An attack on Syria will only spread the war and killing

Source: The Guardian

All the signs are they’re going to do it again. The attack on Syria now being planned by the US and its allies will be the ninth direct western military intervention in an Arab or Muslim country in 15 years. Depending how you cut the cake, the looming bombardment follows onslaughts on Sudan, Afghanistan, Iraq, Libya and Mali, as well as a string of murderous drone assaults on Yemen, Somalia and Pakistan.

The two former colonial powers that carved up the Middle East between them, Britain and France, are as ever chafing for a slice of the action as the US assembles yet another “coalition of the willing”. And as in Iraq and Sudan (where President Clinton ordered an attack on a pharmaceuticals factory in retaliation for an al-Qaida bombing), intelligence about weapons of mass destruction is once again at the centre of the case being made for a western missile strike.

In both Iraq and Sudan, the intelligence was of course wrong. But once again, UN weapons inspectors are struggling to investigate WMD claims while the US and its friends have already declared them “undeniable”. Once again they are planning to bypass the UN security council. Once again, they are dressing up military action as humanitarian, while failing to win the support of their own people.

The trigger for the buildup to a new intervention – what appears to have been a chemical weapons attack on the Damascus suburb of Ghouta – certainly has the hallmarks of a horrific atrocity. Hundreds, mostly civilians, are reported killed and many more wounded, their suffering caught on stomach-churning videos.

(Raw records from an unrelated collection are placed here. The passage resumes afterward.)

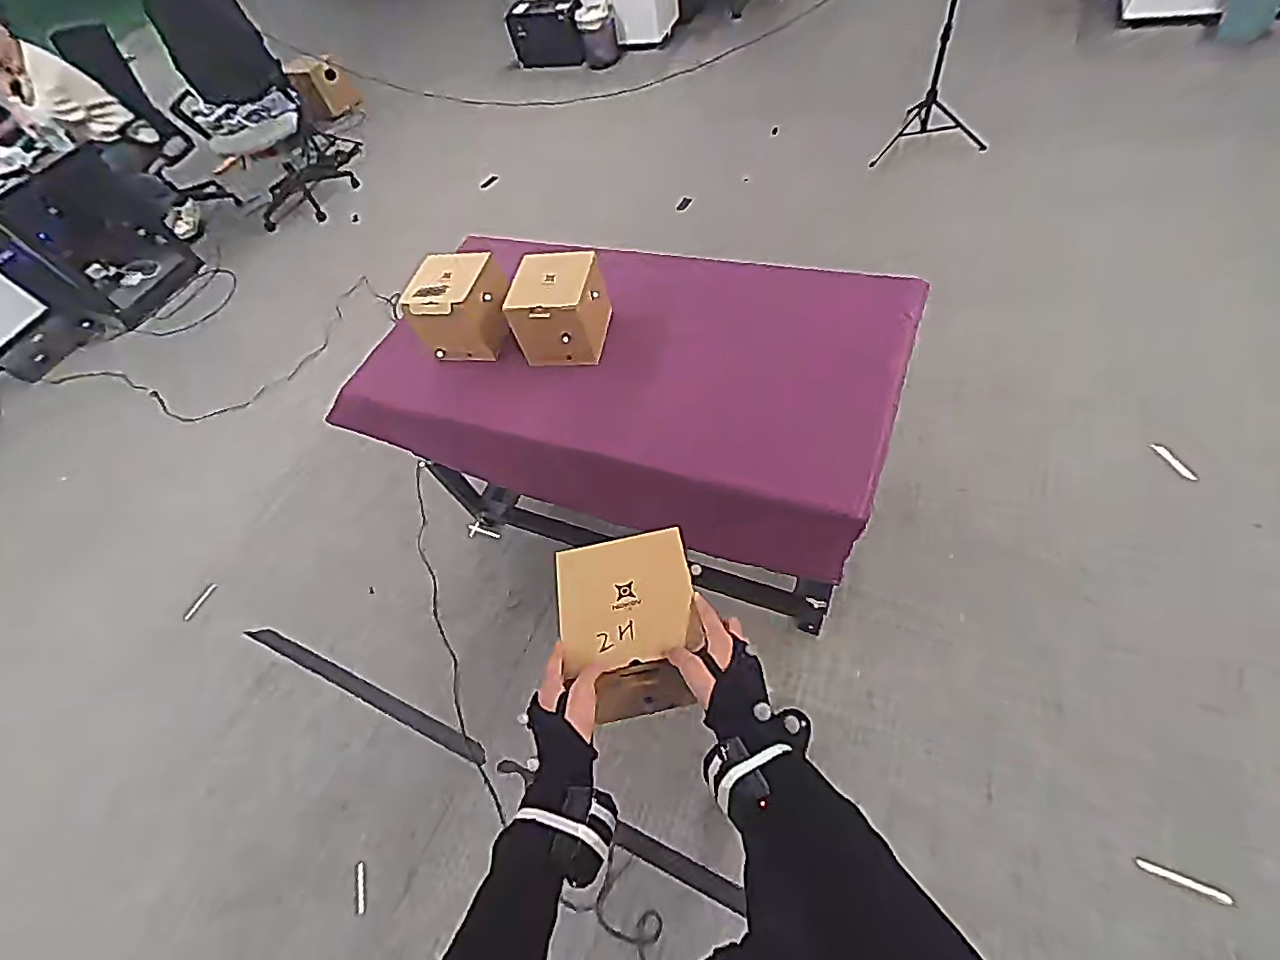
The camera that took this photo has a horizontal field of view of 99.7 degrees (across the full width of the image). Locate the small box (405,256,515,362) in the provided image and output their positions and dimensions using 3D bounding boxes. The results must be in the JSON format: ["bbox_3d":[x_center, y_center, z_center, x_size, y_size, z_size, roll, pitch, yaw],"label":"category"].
[{"bbox_3d":[-0.403,-0.394,1.263,0.168,0.176,0.179,5,58,15],"label":"small box"}]

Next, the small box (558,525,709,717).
[{"bbox_3d":[-0.007,0.190,0.721,0.168,0.176,0.179,-12,49,1],"label":"small box"}]

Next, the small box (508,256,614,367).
[{"bbox_3d":[-0.164,-0.365,1.193,0.168,0.176,0.179,3,58,14],"label":"small box"}]
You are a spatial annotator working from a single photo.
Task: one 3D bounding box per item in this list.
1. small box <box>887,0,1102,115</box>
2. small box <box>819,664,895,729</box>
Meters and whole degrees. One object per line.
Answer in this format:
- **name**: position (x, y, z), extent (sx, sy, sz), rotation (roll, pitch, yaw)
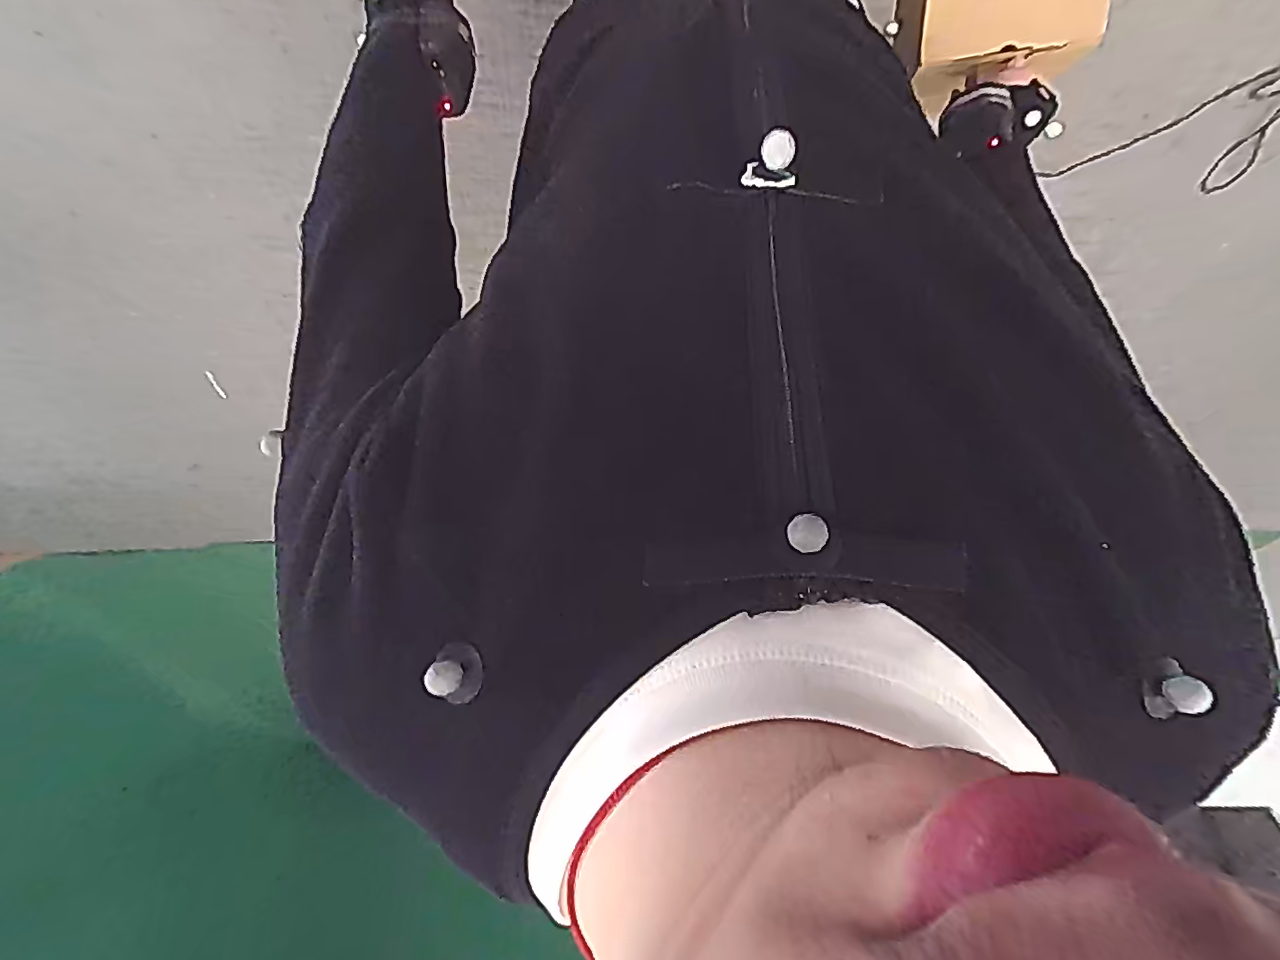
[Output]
- **small box**: position (0.385, -0.533, 0.602), extent (0.168, 0.176, 0.179), rotation (2, 105, 12)
- **small box**: position (0.731, 0.739, 1.848), extent (0.168, 0.176, 0.179), rotation (3, 140, -6)

But so far no reliable evidence whatever has been produced to confirm even what chemical might have been used, let alone who delivered it. The western powers and their allies, including the Syrian rebels, insist the Syrian army was responsible. The Damascus government and its international backers, Russia and Iran, blame the rebels.

The regime, which has large stockpiles of chemical weapons, undoubtedly has the capability and the ruthlessness. But it’s hard to see a rational motivation. Its forces have been gaining ground in recent months and the US has repeatedly stated that chemical weapons use is a “red line” for escalation.

For the same reason, the rebel camp (and its regional sponsors), which has been trying to engineer a western intervention in the Libya-Kosovo mould for the past two years to tip the military balance, clearly has an interest in that red line being crossed.

Three months ago, the UN Syria human rights commission member Carla Del Ponte said there were “strong concrete suspicions” that rebel fighters had used the nerve gas sarin, and Turkish security forces were reported soon afterwards to have seized sarin from al-Qaida-linked al-Nusra Front units heading into Syria.